YOU EXPRESSLY UNDERSTAND AND AGREE THAT ETRUST, ITS EMPLOYEES, DISTRIBUTORS, DIRECTORS, AND AGENTS SHALL NOT BE LIABLE FOR ANY DIRECT, INDIRECT, INCIDENTAL, SPECIAL, CONSEQUENTIAL OR EXEMPLARY DAMAGES, INCLUDING BUT NOT LIMITED TO, DAMAGES FOR LOSS OF PROFITS, GOODWILL, USE, DATA OR OTHER INTANGIBLE LOSSES (EVEN IF ETRUST HAS BEEN ADVISED OF THE POSSIBILITY OF SUCH DAMAGES), RESULTING FROM:

 

a) THE USE OR THE INABILITY TO USE THE SERVICE;

 

 

b) THE COST OF PROCUREMENT OF SUBSTITUTE GOODS AND SERVICES RESULTING FROM ANY GOODS, DATA, INFORMATION OR SERVICES PURCHASED OR OBTAINED OR MESSAGES RECEIVED OR TRANSACTIONS ENTERED INTO THROUGH OR FROM THE SERVICE;

 

 

c) UNAUTHORISED ACCESS TO OR ALTERATION OF YOUR TRANSMISSIONS OR DATA;

 

 

d) STATEMENTS OR CONDUCT OF ANY THIRD PARTY ON THE SERVICE; OR

 

 

e) ANY OTHER MATTER RELATING TO THE SERVICE. ETRUST DOES NOT CARRY OUT ANY INVESTIGATION AS TO WHETHER YOU ARE ENTITLED TO APPLY FOR THE ETRUST SERVICE. BY LICENSING THE ETRUST MARK WE ARE NOT ACKNOWLEDGING THAT YOU HAVE ANY RIGHTS IN ETRUST. YOU AGREE THAT IN NO EVENT SHALL OUR MAXIMUM LIABILITY, TOGETHER WITH THE MAXIMUM LIABILITY OF OUR SUBSIDIARIES, AFFILIATES, OFFICERS, EMPLOYEES, AGENTS, RESELLER AND RESELLER REPRESENTATIVES, CO-BRANDERS OR OTHER PARTNERS, UNDER THIS AGREEMENT FOR ANY MATTER EXCEED AN AGGREGATE OF FIFTY UNITED STATES DOLLARS (US $50).

 

 

10. Cancellation

 

You may cancel your eTrust service at any time prior to renewal. Partial refunds are not issued, and your eTrust service will be terminated at the next renewal interval. 
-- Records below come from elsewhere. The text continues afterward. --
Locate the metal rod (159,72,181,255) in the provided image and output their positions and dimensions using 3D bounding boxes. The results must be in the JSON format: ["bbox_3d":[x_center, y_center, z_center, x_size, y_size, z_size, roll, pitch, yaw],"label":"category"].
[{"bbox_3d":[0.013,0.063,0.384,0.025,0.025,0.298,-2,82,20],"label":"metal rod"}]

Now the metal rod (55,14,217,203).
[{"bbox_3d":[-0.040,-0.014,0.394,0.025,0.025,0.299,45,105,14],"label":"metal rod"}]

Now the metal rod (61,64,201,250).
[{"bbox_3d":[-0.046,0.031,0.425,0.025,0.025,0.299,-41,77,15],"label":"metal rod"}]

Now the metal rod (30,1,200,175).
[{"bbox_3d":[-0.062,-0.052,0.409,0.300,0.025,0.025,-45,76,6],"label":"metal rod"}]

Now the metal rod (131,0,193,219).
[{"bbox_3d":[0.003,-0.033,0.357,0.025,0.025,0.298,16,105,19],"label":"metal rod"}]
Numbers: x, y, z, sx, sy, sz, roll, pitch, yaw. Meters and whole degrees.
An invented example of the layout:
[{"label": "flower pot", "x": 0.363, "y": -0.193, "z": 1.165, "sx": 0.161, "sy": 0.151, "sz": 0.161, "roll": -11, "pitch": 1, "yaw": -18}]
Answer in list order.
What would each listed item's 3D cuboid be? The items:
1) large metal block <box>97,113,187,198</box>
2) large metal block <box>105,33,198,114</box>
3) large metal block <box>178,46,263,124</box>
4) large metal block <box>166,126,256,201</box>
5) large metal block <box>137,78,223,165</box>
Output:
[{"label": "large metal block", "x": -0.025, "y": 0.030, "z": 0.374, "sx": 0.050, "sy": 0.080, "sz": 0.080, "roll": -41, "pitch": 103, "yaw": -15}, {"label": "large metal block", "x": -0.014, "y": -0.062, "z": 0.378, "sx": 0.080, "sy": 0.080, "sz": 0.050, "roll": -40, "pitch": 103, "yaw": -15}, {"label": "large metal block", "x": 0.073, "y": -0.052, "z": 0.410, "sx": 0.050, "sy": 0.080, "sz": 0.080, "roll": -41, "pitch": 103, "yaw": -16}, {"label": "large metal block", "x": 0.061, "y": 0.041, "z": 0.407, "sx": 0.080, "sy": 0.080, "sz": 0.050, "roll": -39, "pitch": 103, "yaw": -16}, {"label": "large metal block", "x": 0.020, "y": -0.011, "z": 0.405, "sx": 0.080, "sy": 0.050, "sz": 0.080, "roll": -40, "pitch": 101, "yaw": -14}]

Cancellation based on changes or availability of the US Safe Harbor program, or failure to certify, are subject to the same conditions, and refunds will not be issued after eTrust initial certification.

 

11. INTELLECTUAL PROPERTY

 

 

A. Licensee acknowledges that, as between the parties, eTrust is the sole and exclusive owner of the worldwide rights to all trademarks, service marks, certification marks, copyrights, rights of affiliation and publicity, moral rights and other intellectual property rights of any kind in the eTrust Mark(s).

 

 

12. GENERAL INFORMATION

 

 

The Agreement constitutes the entire agreement between the Licensee and eTrust and governs your use of the eTrust Service, superseding any prior agreements. Additional or different terms and conditions may apply when you use affiliated websites, third-party content, or third-party software. Interpretations of the Agreement and determinations that you have breached the Agreement will be made at our reasonable discretion and based on facts known to us.

 

 

eTrust Safe Harbor related services are also governed by this agreement.

 

The company is responsible for filings with the Department of Commerce and payment of associated fees.

 

You agree to submit to the personal and exclusive jurisdiction of the law courts located in England and Wales for any claim or dispute with eTrust or any of its subsidiaries, affiliates, officers, agents, or employees.

 

Our failure to enforce any right under this Agreement will not waive that right. If any provision of this Agreement is invalid, the Agreement should be interpreted to affect the intent of the parties, and the remaining provisions will remain in effect.

 

You must file any claim or suit related to the Service within one (1) year after it arises.

 

The section titles in this Agreement are for convenience only and have no substantive effect.